Gina Grain

Personal information
- Born: July 16, 1974 (age 51) Lachine, Quebec, Canada
- Height: 1.62 m (5 ft 4 in)
- Weight: 54 kg (119 lb)

Team information
- Current team: Retired
- Discipline: Road, track
- Role: Rider
- Rider type: All-around

Professional teams
- 1999: Physical Culture
- 2001: 800.com
- 2002: Atlanta Velo
- 2003–2004: Victory Brewing
- 2006: Giant Pro Cycling
- 2007: Team Express Copy
- 2008–2010: Webcor Builders Cycling Team

Major wins
- Canadian Championships (Road) (2007);

Medal record
Representing Canada
Women's track cycling
World Championships
| Silver medal – second place | 2006 Bordeaux | Scratch |
Women's road bicycle racing
Pan American Championships
| Bronze medal – third place | 2007 Valencia | Road race |

= Gina Grain =

Canadian cyclist (born 1974)

Gina Grain (born June 16, 1974, in Lachine, Quebec) is a Canadian retired professional road and track cyclist. She won a silver medal in women' scratch at the 2006 UCI Track Cycling World Championships in Bordeaux, France, and later represented Canada at the 2008 Summer Olympics. Before retiring to focus on her personal life and kinesiology career in 2010, she raced with a number of Canadian, American and Hong Kong road teams.

==Racing career==
Grain started her professional road cycling career as part of her mountain bike fitness training program with the British Columbia Provincial Team. She rapidly began excel at it and later received an invitation to join the 800.com pro cycling teams in 2001, following her short stints on Atlanta Velo and Victory Brewing for the next two seasons. Grain flourished her first career success at the Grand Montreal Cycling Tour (Tour du Grand Montréal), where she officially earned a first stage triumph.
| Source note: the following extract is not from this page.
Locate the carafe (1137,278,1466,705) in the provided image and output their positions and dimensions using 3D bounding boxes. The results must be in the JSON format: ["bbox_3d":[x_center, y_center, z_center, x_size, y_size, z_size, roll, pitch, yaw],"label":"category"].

In 2004, Grain emerged as one of the world's top road sprinters, and mounted consistent podium finishes and a limited number of triumphs to earn the U.S. Pro Tour Championships titles and other cycling tournaments. On that same year, she turned her sights to and took up seriously in track cycling. When the Victory Brewing folded out after the 2004 season, Grain left herself with no contract and instead, set up her short retirement to concentrate on her full-time job as a registered kinesiologist in exercise therapy and rehab programs at Saanich Commonwealth Place.
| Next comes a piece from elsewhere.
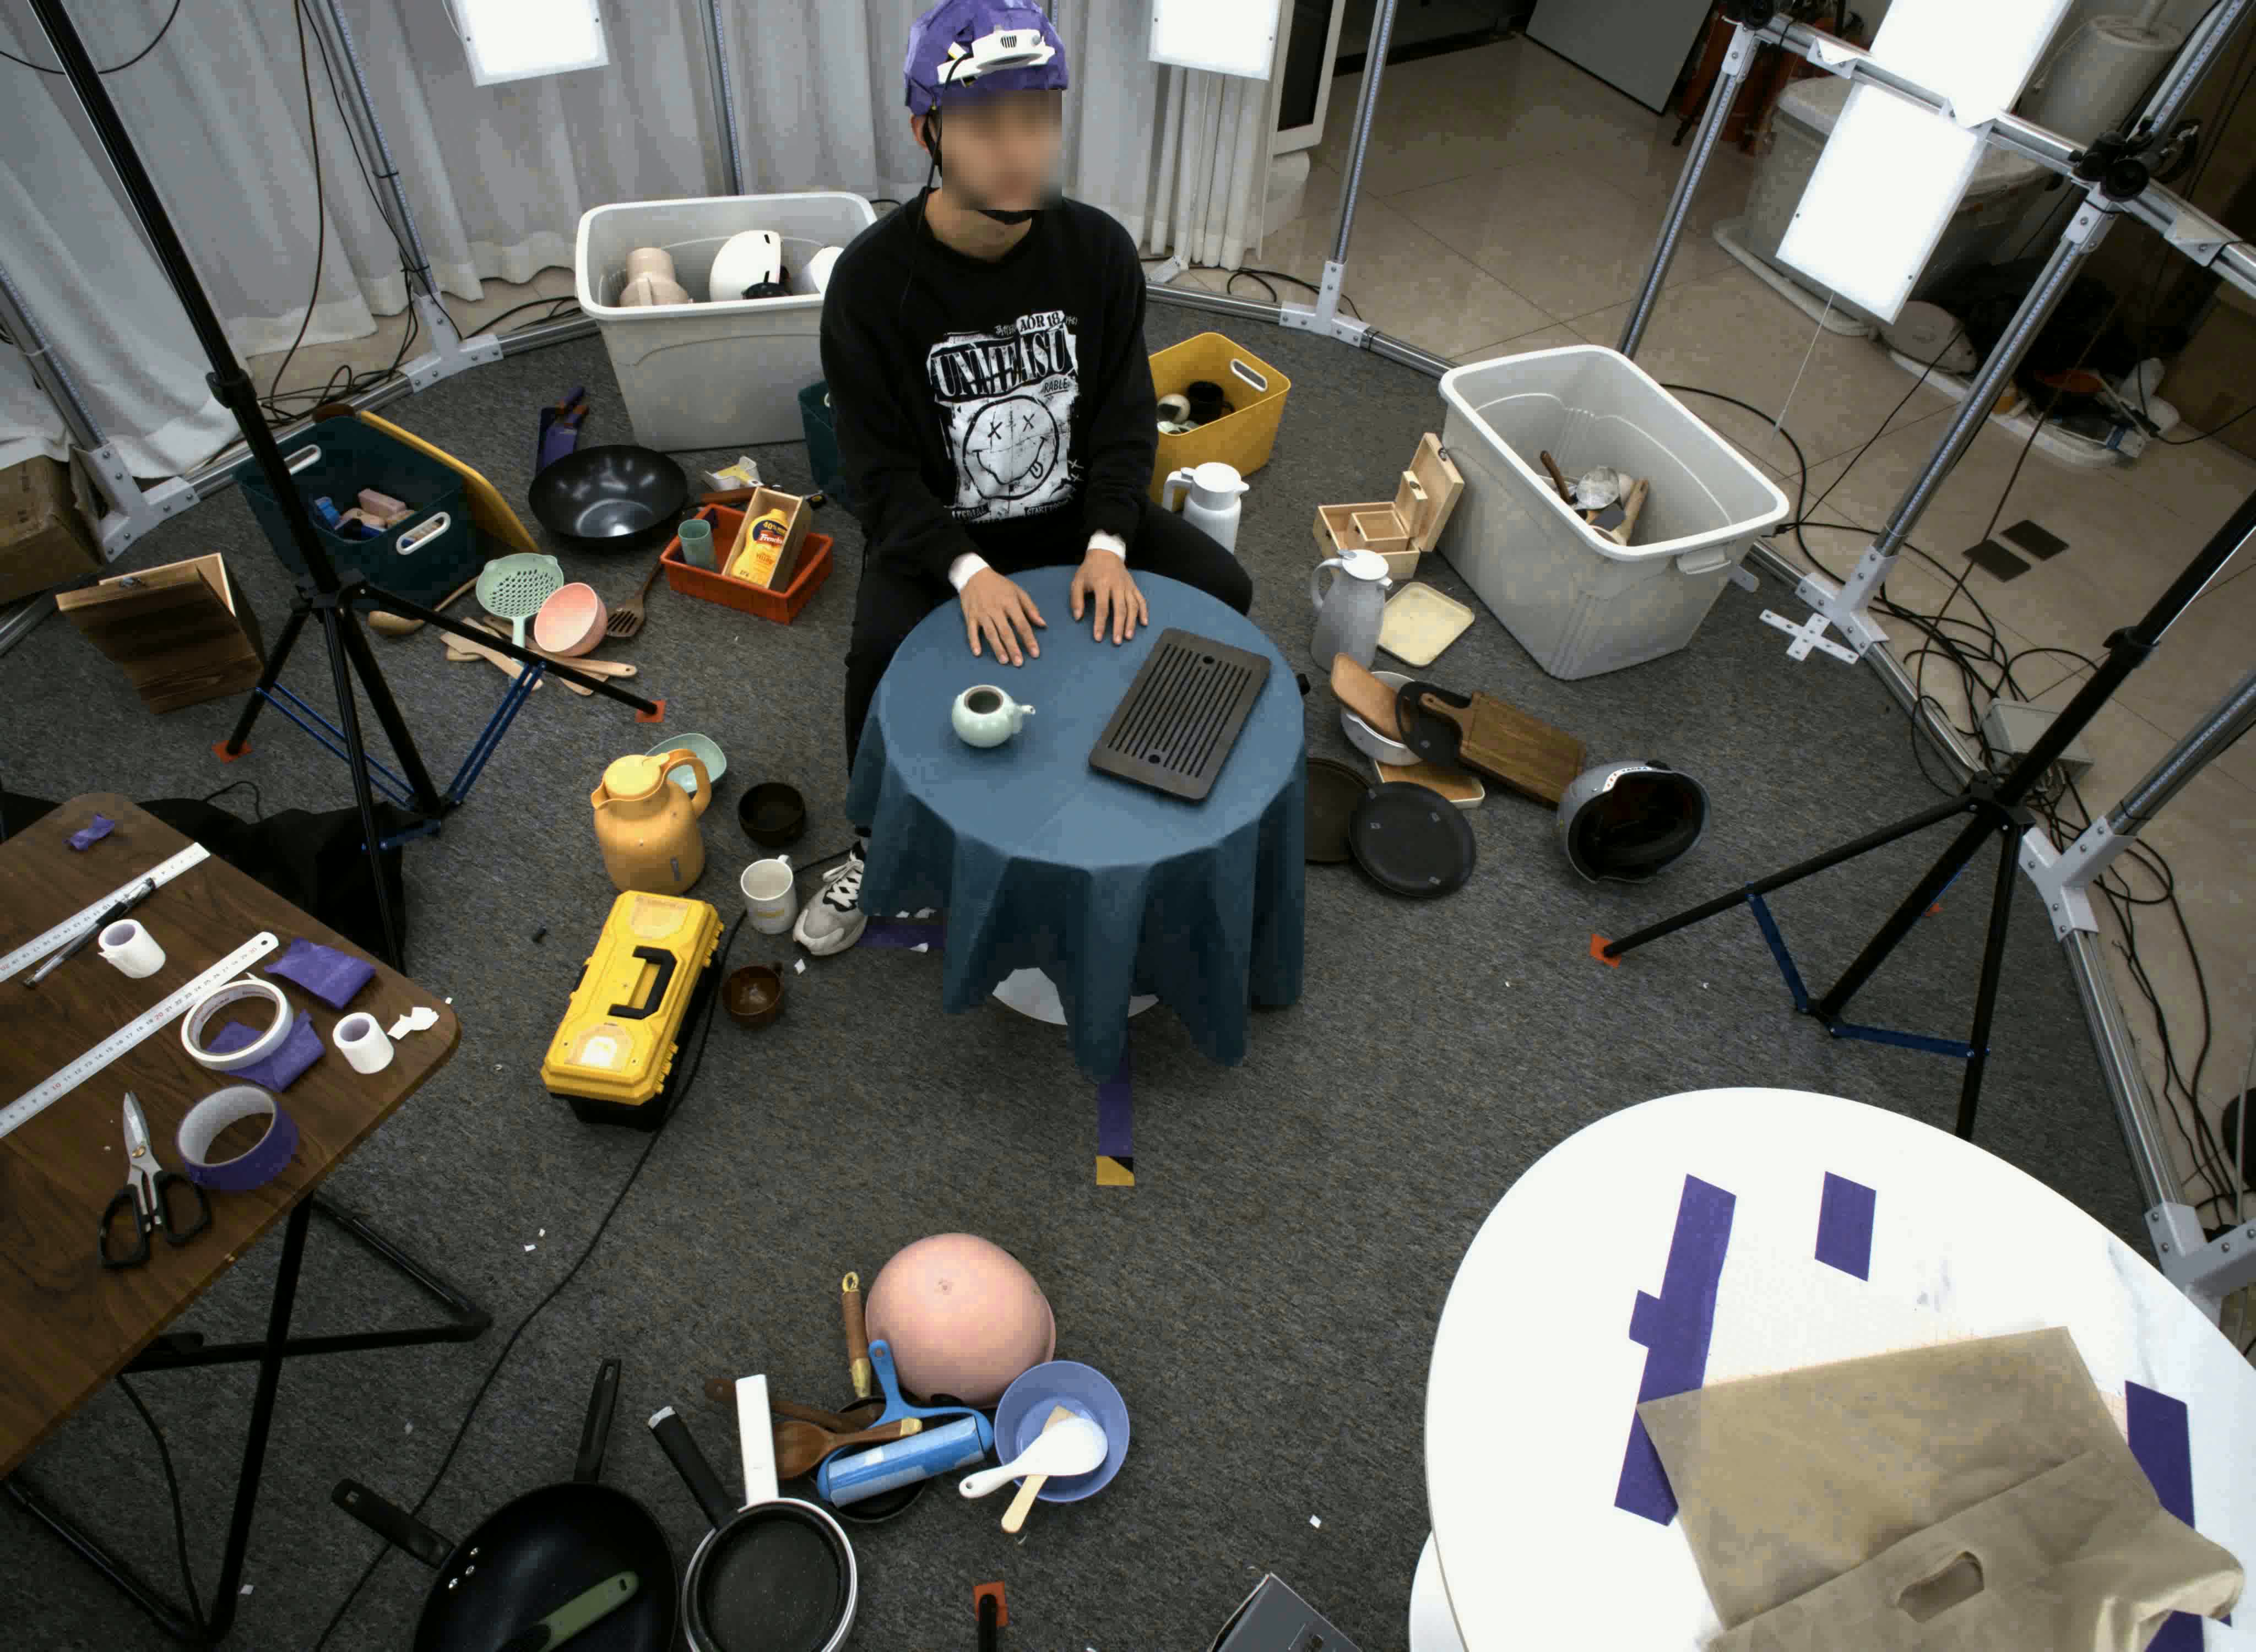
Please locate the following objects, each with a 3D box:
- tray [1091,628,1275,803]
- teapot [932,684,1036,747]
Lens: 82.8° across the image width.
[{"bbox_3d":[0.082,-0.160,1.801,0.171,0.018,0.312,19,50,13],"label":"tray"},{"bbox_3d":[-0.195,-0.150,1.740,0.144,0.073,0.090,16,50,8],"label":"teapot"}]

At the start of the 2006 season, Grain returned to her professional cycling career when she signed an exclusive contract with Hong Kong's Giant Pro Cycling. She capped a successful season by taking home the silver medal in the women's elite 8 km scratch race at the UCI World Championships in Bordeaux, France, and mounted top-four finishes in both road and points race at the Commonwealth Games in Melbourne, moving her up to top ten places in the UCI world rankings. Reaching the peak of her sporting career, Grain burst again into the road cycling scene by defending her Tour de Gastown title on that same year, the first being done in 2005.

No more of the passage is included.